AUNCESTON, Australia — Thermal coal may end up as a major beneficiary of escalating hostilities in the Middle East, as the fuel used to generate electricity becomes cheaper than one of its main competitors liquefied natural gas (LNG).
Much of the focus of the potential fallout from the conflict between Israel, and now the United States, and Iran is the threat to crude oil and refined fuels shipped through the Strait of Hormuz.
But all of Qatar’s LNG also goes through the narrow waterway separating the gulfs of Persia and Oman, and this amounts to almost 20 percent of the global seaborne supply of the super-chilled fuel.
While there has yet to be any disruption of Qatar’s LNG, the mere threat that Iran may attempt to block the strait or attack shipping has seen spot LNG prices rise in Asia, the biggest market.
LNG for delivery to North Asia LNG-AS rose to $14 per million British thermal units (mmBtu) in the week to June 20, a four-month high and up from $12.6 the prior week.

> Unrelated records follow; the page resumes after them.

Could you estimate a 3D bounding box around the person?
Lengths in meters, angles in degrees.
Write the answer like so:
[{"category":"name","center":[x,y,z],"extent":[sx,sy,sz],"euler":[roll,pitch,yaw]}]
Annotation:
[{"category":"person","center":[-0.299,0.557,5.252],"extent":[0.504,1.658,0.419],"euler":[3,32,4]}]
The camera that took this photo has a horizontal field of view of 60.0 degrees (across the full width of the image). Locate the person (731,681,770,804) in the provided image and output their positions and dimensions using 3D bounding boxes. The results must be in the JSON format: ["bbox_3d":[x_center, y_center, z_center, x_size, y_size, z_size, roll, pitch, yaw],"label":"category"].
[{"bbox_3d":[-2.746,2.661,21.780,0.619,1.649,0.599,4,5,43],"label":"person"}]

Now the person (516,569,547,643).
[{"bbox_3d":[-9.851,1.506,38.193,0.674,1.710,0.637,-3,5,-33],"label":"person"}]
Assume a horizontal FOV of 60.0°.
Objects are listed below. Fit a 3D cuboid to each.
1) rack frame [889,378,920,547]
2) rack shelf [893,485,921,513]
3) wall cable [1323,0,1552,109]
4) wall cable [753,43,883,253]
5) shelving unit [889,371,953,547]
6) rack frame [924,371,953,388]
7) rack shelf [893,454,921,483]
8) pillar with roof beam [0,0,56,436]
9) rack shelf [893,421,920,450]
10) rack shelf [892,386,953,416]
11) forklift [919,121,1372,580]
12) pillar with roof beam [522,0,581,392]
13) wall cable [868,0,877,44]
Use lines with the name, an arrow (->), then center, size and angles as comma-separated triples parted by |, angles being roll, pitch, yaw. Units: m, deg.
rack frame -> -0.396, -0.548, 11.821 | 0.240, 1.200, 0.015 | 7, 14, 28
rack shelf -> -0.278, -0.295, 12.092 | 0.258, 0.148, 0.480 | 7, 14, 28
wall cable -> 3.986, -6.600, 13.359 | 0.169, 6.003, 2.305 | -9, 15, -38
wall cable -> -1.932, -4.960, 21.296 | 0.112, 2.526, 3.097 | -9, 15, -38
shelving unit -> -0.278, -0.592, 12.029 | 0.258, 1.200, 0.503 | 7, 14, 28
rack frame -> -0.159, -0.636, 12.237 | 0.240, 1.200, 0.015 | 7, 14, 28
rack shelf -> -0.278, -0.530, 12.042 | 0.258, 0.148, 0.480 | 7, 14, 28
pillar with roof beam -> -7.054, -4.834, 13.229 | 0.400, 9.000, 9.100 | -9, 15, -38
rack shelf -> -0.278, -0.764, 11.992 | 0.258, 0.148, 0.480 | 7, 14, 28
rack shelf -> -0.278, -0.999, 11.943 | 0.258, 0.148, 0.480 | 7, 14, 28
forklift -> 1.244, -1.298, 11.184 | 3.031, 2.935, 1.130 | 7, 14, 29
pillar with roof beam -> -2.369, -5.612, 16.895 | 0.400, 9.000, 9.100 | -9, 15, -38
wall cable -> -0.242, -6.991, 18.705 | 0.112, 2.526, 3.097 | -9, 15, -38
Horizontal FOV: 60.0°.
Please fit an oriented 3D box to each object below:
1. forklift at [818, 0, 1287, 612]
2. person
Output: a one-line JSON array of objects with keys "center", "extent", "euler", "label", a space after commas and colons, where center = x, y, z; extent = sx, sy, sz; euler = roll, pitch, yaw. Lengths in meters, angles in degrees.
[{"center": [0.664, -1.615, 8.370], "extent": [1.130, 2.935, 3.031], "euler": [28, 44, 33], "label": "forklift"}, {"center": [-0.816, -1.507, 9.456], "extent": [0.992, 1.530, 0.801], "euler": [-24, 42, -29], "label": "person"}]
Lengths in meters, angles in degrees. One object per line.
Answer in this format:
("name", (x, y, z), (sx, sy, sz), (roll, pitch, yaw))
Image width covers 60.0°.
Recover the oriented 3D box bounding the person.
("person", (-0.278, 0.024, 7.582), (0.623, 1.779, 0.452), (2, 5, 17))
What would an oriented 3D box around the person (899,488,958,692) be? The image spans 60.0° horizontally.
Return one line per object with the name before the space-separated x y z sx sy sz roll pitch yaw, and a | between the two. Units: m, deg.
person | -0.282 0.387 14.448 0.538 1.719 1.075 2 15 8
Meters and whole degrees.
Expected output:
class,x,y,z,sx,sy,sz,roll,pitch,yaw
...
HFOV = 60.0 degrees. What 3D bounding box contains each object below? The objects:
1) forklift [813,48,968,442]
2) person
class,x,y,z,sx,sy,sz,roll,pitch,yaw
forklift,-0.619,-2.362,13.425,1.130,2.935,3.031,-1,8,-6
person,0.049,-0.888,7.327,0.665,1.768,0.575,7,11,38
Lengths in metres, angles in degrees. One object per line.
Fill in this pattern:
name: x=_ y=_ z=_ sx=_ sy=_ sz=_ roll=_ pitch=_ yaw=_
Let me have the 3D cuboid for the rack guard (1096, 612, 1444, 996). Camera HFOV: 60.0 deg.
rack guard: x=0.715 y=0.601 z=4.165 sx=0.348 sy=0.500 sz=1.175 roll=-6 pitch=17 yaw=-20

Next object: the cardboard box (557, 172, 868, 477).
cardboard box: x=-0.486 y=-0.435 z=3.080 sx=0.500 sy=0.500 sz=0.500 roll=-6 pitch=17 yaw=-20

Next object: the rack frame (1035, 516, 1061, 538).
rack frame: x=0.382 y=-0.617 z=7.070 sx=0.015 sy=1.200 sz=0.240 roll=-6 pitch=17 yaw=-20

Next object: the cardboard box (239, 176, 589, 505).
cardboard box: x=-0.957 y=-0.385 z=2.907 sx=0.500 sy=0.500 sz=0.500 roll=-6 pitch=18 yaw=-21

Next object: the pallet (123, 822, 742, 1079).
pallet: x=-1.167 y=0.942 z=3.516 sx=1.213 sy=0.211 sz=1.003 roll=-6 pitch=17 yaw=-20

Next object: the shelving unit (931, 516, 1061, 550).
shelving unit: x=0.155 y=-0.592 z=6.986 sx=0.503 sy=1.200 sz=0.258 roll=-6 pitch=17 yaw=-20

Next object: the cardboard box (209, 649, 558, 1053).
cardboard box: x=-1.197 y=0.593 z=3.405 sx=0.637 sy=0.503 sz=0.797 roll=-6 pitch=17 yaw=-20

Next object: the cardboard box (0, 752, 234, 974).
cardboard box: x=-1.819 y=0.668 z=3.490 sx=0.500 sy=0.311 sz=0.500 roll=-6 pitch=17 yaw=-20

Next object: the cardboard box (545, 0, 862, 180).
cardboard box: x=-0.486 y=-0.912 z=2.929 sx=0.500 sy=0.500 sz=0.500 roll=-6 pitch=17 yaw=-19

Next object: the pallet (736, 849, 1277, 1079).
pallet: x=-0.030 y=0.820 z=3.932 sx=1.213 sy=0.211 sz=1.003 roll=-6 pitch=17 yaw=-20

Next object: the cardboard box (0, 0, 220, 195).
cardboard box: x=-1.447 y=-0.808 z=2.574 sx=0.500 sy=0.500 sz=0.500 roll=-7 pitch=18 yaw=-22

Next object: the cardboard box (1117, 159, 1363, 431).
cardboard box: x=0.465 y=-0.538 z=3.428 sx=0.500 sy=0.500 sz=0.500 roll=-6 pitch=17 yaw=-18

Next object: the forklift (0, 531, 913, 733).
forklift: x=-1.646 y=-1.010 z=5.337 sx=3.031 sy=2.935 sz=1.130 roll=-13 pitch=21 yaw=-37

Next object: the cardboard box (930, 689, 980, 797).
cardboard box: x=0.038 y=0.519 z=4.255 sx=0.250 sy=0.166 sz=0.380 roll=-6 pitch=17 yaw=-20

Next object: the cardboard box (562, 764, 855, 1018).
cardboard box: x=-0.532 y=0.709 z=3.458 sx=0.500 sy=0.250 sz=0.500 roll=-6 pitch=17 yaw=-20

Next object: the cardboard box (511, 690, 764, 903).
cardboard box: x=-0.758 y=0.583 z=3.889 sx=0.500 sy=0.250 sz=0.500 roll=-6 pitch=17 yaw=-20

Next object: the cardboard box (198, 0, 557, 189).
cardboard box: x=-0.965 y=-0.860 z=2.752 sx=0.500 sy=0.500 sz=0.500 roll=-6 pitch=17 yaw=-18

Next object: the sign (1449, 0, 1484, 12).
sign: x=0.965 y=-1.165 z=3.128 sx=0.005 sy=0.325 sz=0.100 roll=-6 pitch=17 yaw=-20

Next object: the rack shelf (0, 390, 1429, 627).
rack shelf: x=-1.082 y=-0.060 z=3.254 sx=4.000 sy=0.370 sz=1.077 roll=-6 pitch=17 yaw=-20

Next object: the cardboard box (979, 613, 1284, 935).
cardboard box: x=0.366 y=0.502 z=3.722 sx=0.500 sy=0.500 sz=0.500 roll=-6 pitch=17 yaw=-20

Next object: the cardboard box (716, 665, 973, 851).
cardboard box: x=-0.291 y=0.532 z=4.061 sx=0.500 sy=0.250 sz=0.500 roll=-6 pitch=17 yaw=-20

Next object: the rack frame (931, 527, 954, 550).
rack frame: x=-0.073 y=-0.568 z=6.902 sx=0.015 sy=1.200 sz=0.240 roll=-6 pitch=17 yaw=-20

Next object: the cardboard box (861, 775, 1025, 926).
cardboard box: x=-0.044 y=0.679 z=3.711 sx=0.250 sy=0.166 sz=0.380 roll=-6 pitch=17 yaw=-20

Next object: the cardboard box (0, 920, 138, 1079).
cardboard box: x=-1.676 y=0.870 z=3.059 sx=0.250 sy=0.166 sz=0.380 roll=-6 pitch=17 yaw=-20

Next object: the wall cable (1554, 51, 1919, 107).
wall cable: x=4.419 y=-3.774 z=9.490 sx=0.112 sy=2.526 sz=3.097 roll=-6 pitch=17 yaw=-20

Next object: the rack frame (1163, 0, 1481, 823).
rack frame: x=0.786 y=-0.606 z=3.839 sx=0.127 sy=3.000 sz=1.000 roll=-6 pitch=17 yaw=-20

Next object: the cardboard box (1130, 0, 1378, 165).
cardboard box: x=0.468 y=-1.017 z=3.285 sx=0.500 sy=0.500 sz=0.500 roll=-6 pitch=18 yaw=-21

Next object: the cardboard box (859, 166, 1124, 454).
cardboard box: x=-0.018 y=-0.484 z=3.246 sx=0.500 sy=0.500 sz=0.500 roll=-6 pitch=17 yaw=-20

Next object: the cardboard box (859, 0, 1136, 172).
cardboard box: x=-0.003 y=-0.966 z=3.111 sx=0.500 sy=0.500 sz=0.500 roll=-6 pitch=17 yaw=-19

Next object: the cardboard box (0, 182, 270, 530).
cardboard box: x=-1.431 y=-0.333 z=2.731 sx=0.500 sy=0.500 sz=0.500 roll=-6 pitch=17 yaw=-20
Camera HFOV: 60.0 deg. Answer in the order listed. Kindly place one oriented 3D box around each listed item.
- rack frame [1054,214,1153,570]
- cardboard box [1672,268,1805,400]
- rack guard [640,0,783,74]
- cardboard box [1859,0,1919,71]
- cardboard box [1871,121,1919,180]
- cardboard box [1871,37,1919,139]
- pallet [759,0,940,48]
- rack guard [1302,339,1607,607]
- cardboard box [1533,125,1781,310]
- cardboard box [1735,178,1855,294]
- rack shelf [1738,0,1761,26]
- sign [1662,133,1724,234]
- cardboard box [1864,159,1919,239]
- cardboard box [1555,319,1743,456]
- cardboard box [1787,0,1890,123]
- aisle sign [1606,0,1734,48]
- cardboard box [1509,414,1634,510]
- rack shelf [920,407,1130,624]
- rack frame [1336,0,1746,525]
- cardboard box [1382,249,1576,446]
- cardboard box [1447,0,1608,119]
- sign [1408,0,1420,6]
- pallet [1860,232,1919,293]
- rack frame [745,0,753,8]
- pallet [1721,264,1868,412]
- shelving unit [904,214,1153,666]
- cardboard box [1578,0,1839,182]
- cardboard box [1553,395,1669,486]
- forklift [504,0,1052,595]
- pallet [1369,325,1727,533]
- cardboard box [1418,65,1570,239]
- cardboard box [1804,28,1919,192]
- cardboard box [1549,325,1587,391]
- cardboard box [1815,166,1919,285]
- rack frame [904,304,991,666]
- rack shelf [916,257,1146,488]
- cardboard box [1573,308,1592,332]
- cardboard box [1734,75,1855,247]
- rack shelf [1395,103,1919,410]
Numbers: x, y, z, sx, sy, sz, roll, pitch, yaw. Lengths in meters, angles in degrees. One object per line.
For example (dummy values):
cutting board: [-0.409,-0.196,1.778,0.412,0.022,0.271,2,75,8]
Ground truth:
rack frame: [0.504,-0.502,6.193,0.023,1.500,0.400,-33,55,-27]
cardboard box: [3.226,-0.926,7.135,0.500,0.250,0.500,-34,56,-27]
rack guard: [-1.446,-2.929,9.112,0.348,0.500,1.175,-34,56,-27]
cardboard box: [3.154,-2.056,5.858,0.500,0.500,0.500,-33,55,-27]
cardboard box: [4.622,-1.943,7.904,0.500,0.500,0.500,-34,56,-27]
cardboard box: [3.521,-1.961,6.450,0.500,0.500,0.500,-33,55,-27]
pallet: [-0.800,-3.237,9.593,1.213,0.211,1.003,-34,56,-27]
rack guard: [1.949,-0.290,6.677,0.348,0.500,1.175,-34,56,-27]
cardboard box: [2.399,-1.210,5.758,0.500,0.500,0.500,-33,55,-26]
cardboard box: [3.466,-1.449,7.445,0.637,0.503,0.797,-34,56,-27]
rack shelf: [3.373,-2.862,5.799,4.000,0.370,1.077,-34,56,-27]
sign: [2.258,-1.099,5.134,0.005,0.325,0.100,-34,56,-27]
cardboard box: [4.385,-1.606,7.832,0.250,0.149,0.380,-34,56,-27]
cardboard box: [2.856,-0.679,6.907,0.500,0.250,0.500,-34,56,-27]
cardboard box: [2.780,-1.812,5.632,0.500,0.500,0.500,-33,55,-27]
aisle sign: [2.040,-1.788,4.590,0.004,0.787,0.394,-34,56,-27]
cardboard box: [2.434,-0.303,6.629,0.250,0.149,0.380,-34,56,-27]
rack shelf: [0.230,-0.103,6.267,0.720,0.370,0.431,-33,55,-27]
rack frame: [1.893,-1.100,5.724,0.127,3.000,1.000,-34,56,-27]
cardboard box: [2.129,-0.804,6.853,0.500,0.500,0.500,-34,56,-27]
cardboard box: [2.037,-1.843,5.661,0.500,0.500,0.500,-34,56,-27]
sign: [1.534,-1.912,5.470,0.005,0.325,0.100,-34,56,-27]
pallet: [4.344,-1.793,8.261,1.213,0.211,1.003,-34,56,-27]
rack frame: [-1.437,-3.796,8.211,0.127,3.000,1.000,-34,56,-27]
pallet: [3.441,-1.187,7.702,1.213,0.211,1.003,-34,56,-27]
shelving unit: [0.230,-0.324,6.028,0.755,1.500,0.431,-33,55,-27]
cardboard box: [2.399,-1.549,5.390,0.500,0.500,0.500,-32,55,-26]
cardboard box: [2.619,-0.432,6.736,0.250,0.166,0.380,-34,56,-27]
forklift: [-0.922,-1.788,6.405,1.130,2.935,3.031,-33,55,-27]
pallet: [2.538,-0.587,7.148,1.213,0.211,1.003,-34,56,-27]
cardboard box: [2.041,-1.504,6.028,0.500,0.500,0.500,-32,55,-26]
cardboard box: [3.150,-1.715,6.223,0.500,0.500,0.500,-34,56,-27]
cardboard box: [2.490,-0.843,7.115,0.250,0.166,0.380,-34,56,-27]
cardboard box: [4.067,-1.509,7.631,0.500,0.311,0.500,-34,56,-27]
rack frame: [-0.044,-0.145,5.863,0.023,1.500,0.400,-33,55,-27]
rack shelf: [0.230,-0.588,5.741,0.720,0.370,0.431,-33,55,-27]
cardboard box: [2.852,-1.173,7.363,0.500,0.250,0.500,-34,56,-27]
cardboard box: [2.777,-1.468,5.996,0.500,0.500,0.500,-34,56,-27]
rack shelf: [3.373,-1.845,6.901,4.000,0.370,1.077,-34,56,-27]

The weekly price assessment also came before the United States joined Israel’s bombing campaign against Iran, with President Donald Trump claiming on June 21 that the strikes had “completely and totally obliterated” three nuclear facilities.
The involvement of the United States makes it more likely that LNG prices will continue to rise to reflect the increased risk premium.
But even at the current level, LNG is no longer competitive against thermal coal in the two major markets where fuel-switching can occur, Japan and South Korea.
The price of Australian thermal coal with an energy content of 6,000 kilocalories per kilogram at Newcastle Port rose to a four-month high of $109.41 a metric ton in the week to June 20, according to data from globalCOAL.
This is the grade of thermal coal most used by Japan and South Korea, as well as Taiwan.